_Data excerpts_
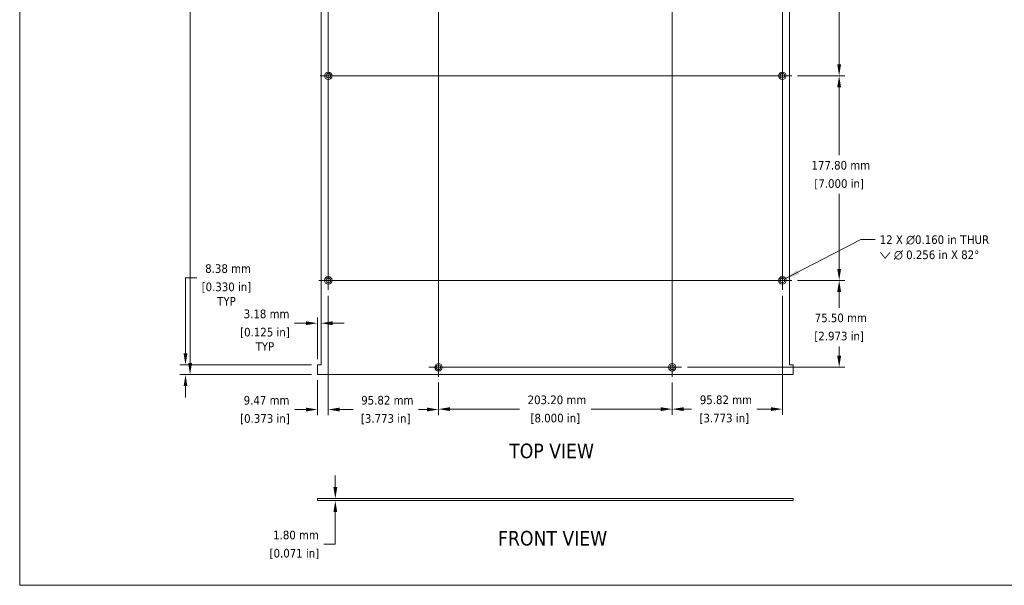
# Model space of a CAD drawing. Header units: millimetres. Extents: x 48 to 1349, y 48 to 1031.
# Tile 1 of 6: x 48 to 904, y 48 to 540. Entities that reach past the tile are written whole.
import ezdxf

# ---------------------------------------------------------------- set-up
doc = ezdxf.new("R2010")
doc.units = ezdxf.units.MM
doc.header["$LTSCALE"] = 5
for name, color, linetype, lineweight in [('Center Mark (ANSI)', 7, 'Continuous', 9), ('Centerline (ANSI)', 7, 'Continuous', 9), ('Dimension (ANSI)', 7, 'Continuous', 9), ('Sketch Geometry (ANSI)', 7, 'Continuous', 9), ('Symbol (ANSI)', 7, 'Continuous', 9), ('Visible (ANSI)', 7, 'Continuous', 18)]:
    doc.layers.add(name, color=color, linetype=linetype, lineweight=lineweight)
doc.styles.add('Label Text (ANSI)', font='tahoma.ttf')
doc.styles.add('Note Text (ANSI)', font='tahoma.ttf')
doc.dimstyles.new('Default - mm (ANSI)', dxfattribs={"dimscale": 5, "dimtxt": 1.5, "dimasz": 2, "dimexe": 1, "dimexo": 1, "dimgap": 0.8, "dimtad": 0, "dimtih": 1, "dimtoh": 1, "dimrnd": 1e-08, "dimzin": 0, "dimdsep": 46, "dimtxsty": 'Note Text (ANSI)', "dimcen": 0.09, "dimdle": 4, "dimclrd": 256, "dimclre": 256, "dimclrt": 256, "dimadec": 1, "dimazin": 0, "dimtfac": 1, "dimtofl": 0, "dimtmove": 0, "dimatfit": 3, "dimfxl": 1, "dimtolj": 1, "dimtzin": 0, "dimlwd": -1, "dimlwe": -1, "dimarcsym": 0})
doc.dimstyles.new('Default - mm (ANSI)$7', dxfattribs={"dimscale": 5, "dimtxt": 1.5, "dimasz": 2.5, "dimexe": 1, "dimexo": 1, "dimgap": 0.8, "dimtad": 0, "dimtih": 1, "dimtoh": 1, "dimrnd": 1e-08, "dimzin": 0, "dimdsep": 46, "dimtxsty": 'Note Text (ANSI)', "dimcen": 0.09, "dimdle": 4, "dimclrd": 256, "dimclre": 256, "dimclrt": 256, "dimadec": 1, "dimazin": 0, "dimtfac": 1, "dimtofl": 0, "dimtmove": 0, "dimatfit": 3, "dimfxl": 1, "dimtolj": 1, "dimtzin": 0, "dimlwd": -1, "dimlwe": -1, "dimarcsym": 0})

# ---------------------------------------------------------------- blocks, each defined once
blk = doc.blocks.new('Borders Default Border')
at = {"layer": 'Sketch Geometry (ANSI)', "flags": 128}
blk.add_lwpolyline([(9.65, 9.65), (9.65, 206.25), (269.75, 206.25), (269.75, 9.65), (9.65, 9.65)], dxfattribs=at)
blk = doc.blocks.new('*D6')
at = {"layer": 'Defpoints', "color": 0, "transparency": 16777216}
for p in [(307.11, 928.39), (196.41, 231.39), (307.11, 231.39)]:
    blk.add_point(p, dxfattribs=at)
at = {"layer": 'Dimension (ANSI)', "transparency": 16777216}
for p, q in [((302.11, 928.39), (191.41, 928.39)), ((196.41, 918.39), (196.41, 669.21)), ((196.41, 241.39), (196.41, 635.59)), ((302.11, 231.39), (191.41, 231.39))]:
    blk.add_line(p, q, dxfattribs=at)
for points in [[(194.74, 918.39), (198.08, 918.39), (196.41, 928.39)], [(194.74, 241.39), (198.08, 241.39), (196.41, 231.39)]]:
    blk.add_solid(points, dxfattribs=at)
at = {"layer": 'Dimension (ANSI)', "transparency": 16777216, "char_height": 7.5, "attachment_point": 2, "style": 'Note Text (ANSI)'}
for s, insert in [('\\A1; 697.00 mm', (196.41, 664.21)), ('\\A1;[27.441 in]', (196.41, 648.4))]:
    blk.add_mtext(s, dxfattribs=dict(at, insert=insert))
blk = doc.blocks.new('*D11')
at = {"layer": 'Defpoints', "color": 0, "transparency": 16777216}
for p in [(719.68, 668.79), (719.68, 490.99), (760.82, 490.99)]:
    blk.add_point(p, dxfattribs=at)
at = {"layer": 'Dimension (ANSI)', "transparency": 16777216}
for p, q in [((724.68, 668.79), (765.82, 668.79)), ((760.82, 658.79), (760.82, 600.11)), ((760.82, 500.99), (760.82, 566.46)), ((724.68, 490.99), (765.82, 490.99))]:
    blk.add_line(p, q, dxfattribs=at)
for points in [[(759.15, 658.79), (762.48, 658.79), (760.82, 668.79)], [(759.15, 500.99), (762.48, 500.99), (760.82, 490.99)]]:
    blk.add_solid(points, dxfattribs=at)
at = {"layer": 'Dimension (ANSI)', "transparency": 16777216, "char_height": 7.5, "attachment_point": 2, "style": 'Note Text (ANSI)'}
for s, insert in [('\\A1; 177.80 mm', (760.82, 595.13)), ('\\A1;[7.000 in]', (760.82, 579.28))]:
    blk.add_mtext(s, dxfattribs=dict(at, insert=insert))
blk = doc.blocks.new('*D12')
at = {"layer": 'Defpoints', "color": 0, "transparency": 16777216}
for p in [(719.68, 490.99), (719.68, 313.19), (760.82, 313.19)]:
    blk.add_point(p, dxfattribs=at)
at = {"layer": 'Dimension (ANSI)', "transparency": 16777216}
for p, q in [((724.68, 490.99), (765.82, 490.99)), ((760.82, 480.99), (760.82, 421.98)), ((760.82, 323.19), (760.82, 388.32)), ((724.68, 313.19), (765.82, 313.19))]:
    blk.add_line(p, q, dxfattribs=at)
for points in [[(759.15, 480.99), (762.48, 480.99), (760.82, 490.99)], [(759.15, 323.19), (762.48, 323.19), (760.82, 313.19)]]:
    blk.add_solid(points, dxfattribs=at)
at = {"layer": 'Dimension (ANSI)', "transparency": 16777216, "char_height": 7.5, "attachment_point": 2, "style": 'Note Text (ANSI)'}
for s, insert in [('\\A1; 177.80 mm', (760.82, 416.99)), ('\\A1;[7.000 in]', (760.82, 401.15))]:
    blk.add_mtext(s, dxfattribs=dict(at, insert=insert))
blk = doc.blocks.new('*D13')
at = {"layer": 'Defpoints', "color": 0, "transparency": 16777216}
for p in [(719.68, 313.19), (623.86, 237.69), (760.82, 237.69)]:
    blk.add_point(p, dxfattribs=at)
at = {"layer": 'Dimension (ANSI)', "transparency": 16777216}
for p, q in [((724.68, 313.19), (765.82, 313.19)), ((760.82, 303.19), (760.82, 289.43)), ((760.82, 247.69), (760.82, 255.81)), ((628.86, 237.69), (765.82, 237.69))]:
    blk.add_line(p, q, dxfattribs=at)
for points in [[(759.15, 303.19), (762.48, 303.19), (760.82, 313.19)], [(759.15, 247.69), (762.48, 247.69), (760.82, 237.69)]]:
    blk.add_solid(points, dxfattribs=at)
at = {"layer": 'Dimension (ANSI)', "transparency": 16777216, "char_height": 7.5, "attachment_point": 2, "style": 'Note Text (ANSI)'}
for s, insert in [('\\A1; 75.50 mm', (760.82, 284.43)), ('\\A1;[2.973 in]', (760.82, 268.62))]:
    blk.add_mtext(s, dxfattribs=dict(at, insert=insert))
blk = doc.blocks.new('*D14')
at = {"layer": 'Defpoints', "color": 0, "transparency": 16777216}
for p in [(316.59, 304.94), (307.11, 231.39), (316.59, 201)]:
    blk.add_point(p, dxfattribs=at)
at = {"layer": 'Dimension (ANSI)', "transparency": 16777216}
for p, q in [((316.59, 299.94), (316.59, 196)), ((307.11, 226.39), (307.11, 196)), ((297.11, 201), (287.11, 201)), ((326.59, 201), (336.59, 201))]:
    blk.add_line(p, q, dxfattribs=at)
for points in [[(297.11, 202.67), (297.11, 199.34), (307.11, 201)], [(326.59, 202.67), (326.59, 199.34), (316.59, 201)]]:
    blk.add_solid(points, dxfattribs=at)
at = {"layer": 'Dimension (ANSI)', "transparency": 16777216, "char_height": 7.5, "attachment_point": 2, "style": 'Note Text (ANSI)'}
for s, insert in [('\\A1; 9.47 mm', (261.51, 212.8)), ('\\A1;[0.373 in]', (261.51, 197))]:
    blk.add_mtext(s, dxfattribs=dict(at, insert=insert))
blk = doc.blocks.new('*D15')
at = {"layer": 'Defpoints', "color": 0, "transparency": 16777216}
for p in [(316.59, 304.94), (412.41, 229.43), (412.41, 201)]:
    blk.add_point(p, dxfattribs=at)
at = {"layer": 'Dimension (ANSI)', "transparency": 16777216}
for p, q in [((316.59, 299.94), (316.59, 196)), ((412.41, 224.43), (412.41, 196)), ((326.59, 201), (338.14, 201)), ((402.41, 201), (394.92, 201))]:
    blk.add_line(p, q, dxfattribs=at)
for points in [[(326.59, 202.67), (326.59, 199.34), (316.59, 201)], [(402.41, 202.67), (402.41, 199.34), (412.41, 201)]]:
    blk.add_solid(points, dxfattribs=at)
at = {"layer": 'Dimension (ANSI)', "transparency": 16777216, "char_height": 7.5, "attachment_point": 2, "style": 'Note Text (ANSI)'}
for s, insert in [('\\A1; \\fTahoma|b0|i0;95.82 mm', (366.53, 212.84)), ('\\A1;[3.773 in]{\\P\\fTahoma|b0|i0;\\P}', (366.53, 197))]:
    blk.add_mtext(s, dxfattribs=dict(at, insert=insert))
blk = doc.blocks.new('*D16')
at = {"layer": 'Defpoints', "color": 0, "transparency": 16777216}
for p in [(412.41, 229.43), (615.61, 229.43), (615.61, 201.35)]:
    blk.add_point(p, dxfattribs=at)
at = {"layer": 'Dimension (ANSI)', "transparency": 16777216}
for p, q in [((412.41, 224.43), (412.41, 196.35)), ((615.61, 224.43), (615.61, 196.35)), ((422.41, 201.35), (482.81, 201.35)), ((605.61, 201.35), (545.21, 201.35))]:
    blk.add_line(p, q, dxfattribs=at)
for points in [[(422.41, 203.02), (422.41, 199.69), (412.41, 201.35)], [(605.61, 203.02), (605.61, 199.69), (615.61, 201.35)]]:
    blk.add_solid(points, dxfattribs=at)
at = {"layer": 'Dimension (ANSI)', "transparency": 16777216, "char_height": 7.5, "attachment_point": 2, "style": 'Note Text (ANSI)'}
for s, insert in [('\\A1; 203.20 mm', (514.01, 213.17)), ('\\A1;[8.000 in]', (514.01, 197.35))]:
    blk.add_mtext(s, dxfattribs=dict(at, insert=insert))
blk = doc.blocks.new('*D17')
at = {"layer": 'Defpoints', "color": 0, "transparency": 16777216}
for p in [(711.43, 304.94), (615.61, 229.43), (711.43, 201.35)]:
    blk.add_point(p, dxfattribs=at)
at = {"layer": 'Dimension (ANSI)', "transparency": 16777216}
for p, q in [((711.43, 299.94), (711.43, 196.35)), ((615.61, 224.43), (615.61, 196.35)), ((625.61, 201.35), (632.54, 201.35)), ((701.43, 201.35), (689.32, 201.35))]:
    blk.add_line(p, q, dxfattribs=at)
for points in [[(625.61, 203.02), (625.61, 199.69), (615.61, 201.35)], [(701.43, 203.02), (701.43, 199.69), (711.43, 201.35)]]:
    blk.add_solid(points, dxfattribs=at)
at = {"layer": 'Dimension (ANSI)', "transparency": 16777216, "char_height": 7.5, "attachment_point": 2, "style": 'Note Text (ANSI)'}
for s, insert in [('\\A1; 95.82 mm', (660.93, 213.2)), ('\\A1;[3.773 in]', (660.93, 197.35))]:
    blk.add_mtext(s, dxfattribs=dict(at, insert=insert))
blk = doc.blocks.new('*D18')
at = {"layer": 'Defpoints', "color": 0, "transparency": 16777216}
for p in [(192.43, 239.77), (307.11, 239.77), (307.11, 231.39)]:
    blk.add_point(p, dxfattribs=at)
at = {"layer": 'Dimension (ANSI)', "transparency": 16777216}
for p, q in [((192.43, 249.77), (192.43, 315.38)), ((192.43, 315.38), (202.43, 315.38)), ((302.11, 239.77), (187.43, 239.77)), ((302.11, 231.39), (187.43, 231.39)), ((192.43, 221.39), (192.43, 211.39))]:
    blk.add_line(p, q, dxfattribs=at)
for points in [[(190.77, 249.77), (194.1, 249.77), (192.43, 239.77)], [(190.77, 221.39), (194.1, 221.39), (192.43, 231.39)]]:
    blk.add_solid(points, dxfattribs=at)
at = {"layer": 'Dimension (ANSI)', "transparency": 16777216, "char_height": 7.5, "attachment_point": 2, "style": 'Note Text (ANSI)'}
for s, insert in [('\\A1; \\fTahoma|b0|i0;8.38 mm', (228.04, 327.23)), ('\\A1;[0.330 in]{\\P\\fTahoma|b0|i0;TYP}', (228.04, 311.38))]:
    blk.add_mtext(s, dxfattribs=dict(at, insert=insert))
blk = doc.blocks.new('*D19')
at = {"layer": 'Defpoints', "color": 0, "transparency": 16777216}
for p in [(310.29, 321.21), (310.29, 276.01), (307.11, 239.77)]:
    blk.add_point(p, dxfattribs=at)
at = {"layer": 'Dimension (ANSI)', "transparency": 16777216}
for p, q in [((297.11, 276.01), (287.11, 276.01)), ((307.11, 244.77), (307.11, 281.01)), ((320.29, 276.01), (330.29, 276.01))]:
    blk.add_line(p, q, dxfattribs=at)
for points in [[(297.11, 277.68), (297.11, 274.35), (307.11, 276.01)], [(320.29, 277.68), (320.29, 274.35), (310.29, 276.01)]]:
    blk.add_solid(points, dxfattribs=at)
at = {"layer": 'Dimension (ANSI)', "transparency": 16777216, "char_height": 7.5, "attachment_point": 2, "style": 'Note Text (ANSI)'}
for s, insert in [('\\A1; \\fTahoma|b0|i0;3.18 mm', (261.51, 287.86)), ('\\A1;[0.125 in]{\\P\\fTahoma|b0|i0;TYP}', (261.51, 272.01))]:
    blk.add_mtext(s, dxfattribs=dict(at, insert=insert))
blk = doc.blocks.new('*D20')
at = {"layer": 'Defpoints', "color": 0, "transparency": 16777216}
for p in [(307.11, 123.62), (307.11, 121.81), (322.72, 121.81)]:
    blk.add_point(p, dxfattribs=at)
at = {"layer": 'Dimension (ANSI)', "transparency": 16777216}
for p, q in [((322.72, 133.62), (322.72, 143.62)), ((312.11, 123.62), (327.72, 123.62)), ((312.11, 121.81), (327.72, 121.81)), ((322.72, 111.81), (322.72, 83.89)), ((322.72, 83.89), (312.72, 83.89))]:
    blk.add_line(p, q, dxfattribs=at)
for points in [[(321.05, 133.62), (324.38, 133.62), (322.72, 123.62)], [(321.05, 111.81), (324.38, 111.81), (322.72, 121.81)]]:
    blk.add_solid(points, dxfattribs=at)
at = {"layer": 'Dimension (ANSI)', "transparency": 16777216, "char_height": 7.5, "attachment_point": 2, "style": 'Note Text (ANSI)'}
for s, insert in [('\\A1; 1.80 mm', (287.11, 95.73)), ('\\A1;[0.071 in]', (287.11, 79.89))]:
    blk.add_mtext(s, dxfattribs=dict(at, insert=insert))

msp = doc.modelspace()

# ---------------------------------------------------------------- linework, layer by layer
at = {"layer": 'Center Mark (ANSI)', "linetype": 'Continuous'}
for p, q in [((711.431, 499.239), (711.431, 482.736)), ((309.556, 490.988), (323.62, 490.988)), ((711.431, 321.439), (711.431, 304.936)), ((308.337, 313.188), (324.84, 313.188)), ((412.41, 229.435), (412.41, 245.937)), ((615.61, 229.435), (615.61, 245.937))]:
    msp.add_line(p, q, dxfattribs=at)
at = {"layer": 'Centerline (ANSI)', "linetype": 'Continuous'}
for p, q in [((412.41, 229.435), (412.41, 930.34)), ((615.61, 930.34), (615.61, 229.435)), ((316.588, 304.936), (316.588, 854.839)), ((711.431, 854.839), (711.431, 482.736)), ((711.431, 304.936), (711.431, 499.239)), ((309.556, 490.988), (719.683, 490.988)), ((308.337, 313.188), (719.683, 313.188)), ((623.861, 237.686), (404.159, 237.686))]:
    msp.add_line(p, q, dxfattribs=at)
at = {"layer": 'Visible (ANSI)'}
for p, q in [((310.289, 239.769), (310.289, 920.006)), ((717.731, 920.006), (717.731, 239.769)), ((307.114, 231.387), (307.114, 239.769)), ((307.114, 239.769), (310.289, 239.769)), ((717.731, 239.769), (720.906, 239.769)), ((720.906, 239.769), (720.906, 231.387)), ((720.906, 231.387), (307.114, 231.387)), ((720.906, 123.617), (307.114, 123.617)), ((307.114, 121.813), (307.114, 123.617)), ((307.114, 121.813), (720.906, 121.813)), ((720.906, 121.813), (720.906, 123.617))]:
    msp.add_line(p, q, dxfattribs=at)
for centre, radius in [((316.588, 490.988), 3.251), ((316.588, 490.988), 2.032), ((711.431, 490.988), 3.251), ((711.431, 490.988), 2.032), ((316.588, 313.188), 3.251), ((316.588, 313.188), 2.032), ((711.431, 313.188), 3.251), ((711.431, 313.188), 2.032), ((412.41, 237.686), 3.251), ((615.61, 237.686), 3.251), ((412.41, 237.686), 2.032), ((615.61, 237.686), 2.032)]:
    msp.add_circle(centre, radius, dxfattribs=at)

# ---------------------------------------------------------------- block references
at = {"xscale": 5, "yscale": 5, "zscale": 5}
msp.add_blockref('Borders Default Border', (0, 0), dxfattribs=at)

# ---------------------------------------------------------------- texts
at = {"layer": 'Symbol (ANSI)', "insert": (796.074, 352.359), "char_height": 7.5, "width": 99.0407, "attachment_point": 1, "line_spacing_factor": 1.05, "style": 'Note Text (ANSI)'}
msp.add_mtext('12 X \\fAIGDT|b0|i0;\\H7.5000;n\\fTahoma|b0|i0;\\H7.5000;0.160 in \\fAIGDT|b0|i0;\\H7.5000;T\\fTahoma|b0|i0;\\H7.5000;HUR\\P\\fAIGDT|b0|i0;\\H7.5000;w\\fTahoma|b0|i0;\\H7.5000; \\fAIGDT|b0|i0;\\H7.5000;n\\fTahoma|b0|i0;\\H7.5000; 0.256 in X 82°', dxfattribs=at)
at = {"layer": 'Symbol (ANSI)', "char_height": 12.7, "attachment_point": 7, "style": 'Label Text (ANSI)'}
for s, insert in [('TOP VIEW', (473.934, 158.438)), ('FRONT VIEW', (464.228, 82.578))]:
    msp.add_mtext(s, dxfattribs=dict(at, insert=insert))

# ---------------------------------------------------------------- dimensions: what is measured, and where the dimension line sits
at = {"layer": 'Dimension (ANSI)'}
for base, p1, p2, angle, text, override, picture, middle in [((196.411, 231.387), (307.114, 928.388), (307.114, 231.387), 270, ' <> mm\\X[27.441 in]', {"dimgap": 0.8, "dimdec": 2, "dimpost": '', "dimtol": 0, "dimlim": 0, "dimtp": 0, "dimtm": 0, "dimtdec": 2, "dimatfit": 1, "dimtvp": -0.25}, '*D6', (196.411, 652.404)), ((760.818, 490.988), (719.683, 668.788), (719.683, 490.988), 90, ' <> mm\\X[7.000 in]', {"dimgap": 0.8, "dimdec": 2, "dimpost": '', "dimtol": 0, "dimlim": 0, "dimtp": 0, "dimtm": 0, "dimtdec": 2, "dimatfit": 1, "dimtvp": -0.25}, '*D11', (760.818, 583.283)), ((760.818, 313.188), (719.683, 490.988), (719.683, 313.188), 90, ' <> mm\\X[7.000 in]', {"dimgap": 0.8, "dimdec": 2, "dimpost": '', "dimtol": 0, "dimlim": 0, "dimtp": 0, "dimtm": 0, "dimtdec": 2, "dimatfit": 1, "dimtvp": -0.25}, '*D12', (760.818, 405.15)), ((192.432, 239.769), (307.114, 231.387), (307.114, 239.769), 90, ' \\fTahoma|b0|i0;<> mm\\X[0.330 in]{\\P\\fTahoma|b0|i0;TYP}', {"dimgap": 0.8, "dimdec": 2, "dimpost": '', "dimtol": 0, "dimlim": 0, "dimtp": 0, "dimtm": 0, "dimtdec": 2, "dimatfit": 1, "dimtvp": -0.333333}, '*D18', (228.036, 315.383)), ((760.818, 237.686), (719.683, 313.188), (623.861, 237.686), 90, ' <> mm\\X[2.973 in]', {"dimgap": 0.8, "dimdec": 2, "dimpost": '', "dimtol": 0, "dimlim": 0, "dimtp": 0, "dimtm": 0, "dimtdec": 2, "dimatfit": 1, "dimtvp": -0.25}, '*D13', (760.818, 272.622)), ((316.588, 201.002), (307.114, 231.387), (316.588, 304.936), 180, ' <> mm\\X[0.373 in]', {"dimgap": 0.8, "dimtih": 0, "dimtoh": 0, "dimdec": 2, "dimpost": '', "dimtol": 0, "dimlim": 0, "dimtp": 0, "dimtm": 0, "dimtdec": 2, "dimatfit": 1, "dimtvp": -0.25}, '*D14', (261.511, 201.002)), ((711.431, 201.355), (615.61, 229.435), (711.431, 304.936), 180, ' <> mm\\X[3.773 in]', {"dimgap": 0.8, "dimtih": 0, "dimtoh": 0, "dimdec": 2, "dimpost": '', "dimtol": 0, "dimlim": 0, "dimtp": 0, "dimtm": 0, "dimtdec": 2, "dimatfit": 1, "dimtvp": -0.25}, '*D17', (660.927, 201.355)), ((615.61, 201.355), (412.41, 229.435), (615.61, 229.435), 180, ' <> mm\\X[8.000 in]', {"dimgap": 0.8, "dimtih": 0, "dimtoh": 0, "dimdec": 2, "dimpost": '', "dimtol": 0, "dimlim": 0, "dimtp": 0, "dimtm": 0, "dimtdec": 2, "dimatfit": 1, "dimtvp": -0.25}, '*D16', (514.01, 201.355)), ((322.718, 121.813), (307.114, 123.617), (307.114, 121.813), 90, ' <> mm\\X[0.071 in]', {"dimgap": 0.8, "dimdec": 2, "dimpost": '', "dimtol": 0, "dimlim": 0, "dimtp": 0, "dimtm": 0, "dimtdec": 2, "dimatfit": 1, "dimtvp": -0.25}, '*D20', (287.114, 83.886))]:
    dim = msp.add_linear_dim(base=base, p1=p1, p2=p2, angle=angle, text=text, dimstyle='Default - mm (ANSI)', override=override, dxfattribs=at)
    dim.commit()
    dim.dimension.update_dxf_attribs({"geometry": picture, "text_midpoint": middle, "dimtype": 160})
for base, p1, p2, text, override, picture, middle in [((310.289161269, 276.013848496), (307.114161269, 239.768823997), (310.289161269, 321.205547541), ' \\fTahoma|b0|i0;<> mm\\X[0.125 in]{\\P\\fTahoma|b0|i0;TYP}', {"dimgap": 0.8, "dimtih": 0, "dimtoh": 0, "dimdec": 2, "dimpost": '', "dimse2": 1, "dimtol": 0, "dimlim": 0, "dimtp": 0, "dimtm": 0, "dimtdec": 2, "dimatfit": 1, "dimtvp": -0.333333}, '*D19', (261.510736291, 276.013848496)), ((412.41, 201.002), (316.588, 304.936), (412.41, 229.435), ' \\fTahoma|b0|i0;<> mm\\X[3.773 in]{\\P\\fTahoma|b0|i0;\\P}', {"dimgap": 0.8, "dimtih": 0, "dimtoh": 0, "dimdec": 2, "dimpost": '', "dimtol": 0, "dimlim": 0, "dimtp": 0, "dimtm": 0, "dimtdec": 2, "dimatfit": 1, "dimtvp": -0.375}, '*D15', (366.527, 201.002))]:
    dim = msp.add_linear_dim(base=base, p1=p1, p2=p2, text=text, dimstyle='Default - mm (ANSI)', override=override, dxfattribs=at)
    dim.commit()
    dim.dimension.update_dxf_attribs({"geometry": picture, "text_midpoint": middle, "dimtype": 160})

# ---------------------------------------------------------------- leaders
at = {"layer": 'Symbol (ANSI)', "annotation_type": 0, "has_hookline": 1, "hookline_direction": 0, "text_width": 97.517}
msp.add_leader([(714.263, 314.785), (779.574, 348.609), (792.074, 348.609)], dimstyle='Default - mm (ANSI)$7', override={"dimtad": 0}, dxfattribs=at)

doc.saveas('drawing.dxf')

_What the exercise asks_
Each line that contains the string "dimclrd" should be copied from the data above.

_Completed exercise_
doc.dimstyles.new('Default - mm (ANSI)', dxfattribs={"dimscale": 5, "dimtxt": 1.5, "dimasz": 2, "dimexe": 1, "dimexo": 1, "dimgap": 0.8, "dimtad": 0, "dimtih": 1, "dimtoh": 1, "dimrnd": 1e-08, "dimzin": 0, "dimdsep": 46, "dimtxsty": 'Note Text (ANSI)', "dimcen": 0.09, "dimdle": 4, "dimclrd": 256, "dimclre": 256, "dimclrt": 256, "dimadec": 1, "dimazin": 0, "dimtfac": 1, "dimtofl": 0, "dimtmove": 0, "dimatfit": 3, "dimfxl": 1, "dimtolj": 1, "dimtzin": 0, "dimlwd": -1, "dimlwe": -1, "dimarcsym": 0})
doc.dimstyles.new('Default - mm (ANSI)$7', dxfattribs={"dimscale": 5, "dimtxt": 1.5, "dimasz": 2.5, "dimexe": 1, "dimexo": 1, "dimgap": 0.8, "dimtad": 0, "dimtih": 1, "dimtoh": 1, "dimrnd": 1e-08, "dimzin": 0, "dimdsep": 46, "dimtxsty": 'Note Text (ANSI)', "dimcen": 0.09, "dimdle": 4, "dimclrd": 256, "dimclre": 256, "dimclrt": 256, "dimadec": 1, "dimazin": 0, "dimtfac": 1, "dimtofl": 0, "dimtmove": 0, "dimatfit": 3, "dimfxl": 1, "dimtolj": 1, "dimtzin": 0, "dimlwd": -1, "dimlwe": -1, "dimarcsym": 0})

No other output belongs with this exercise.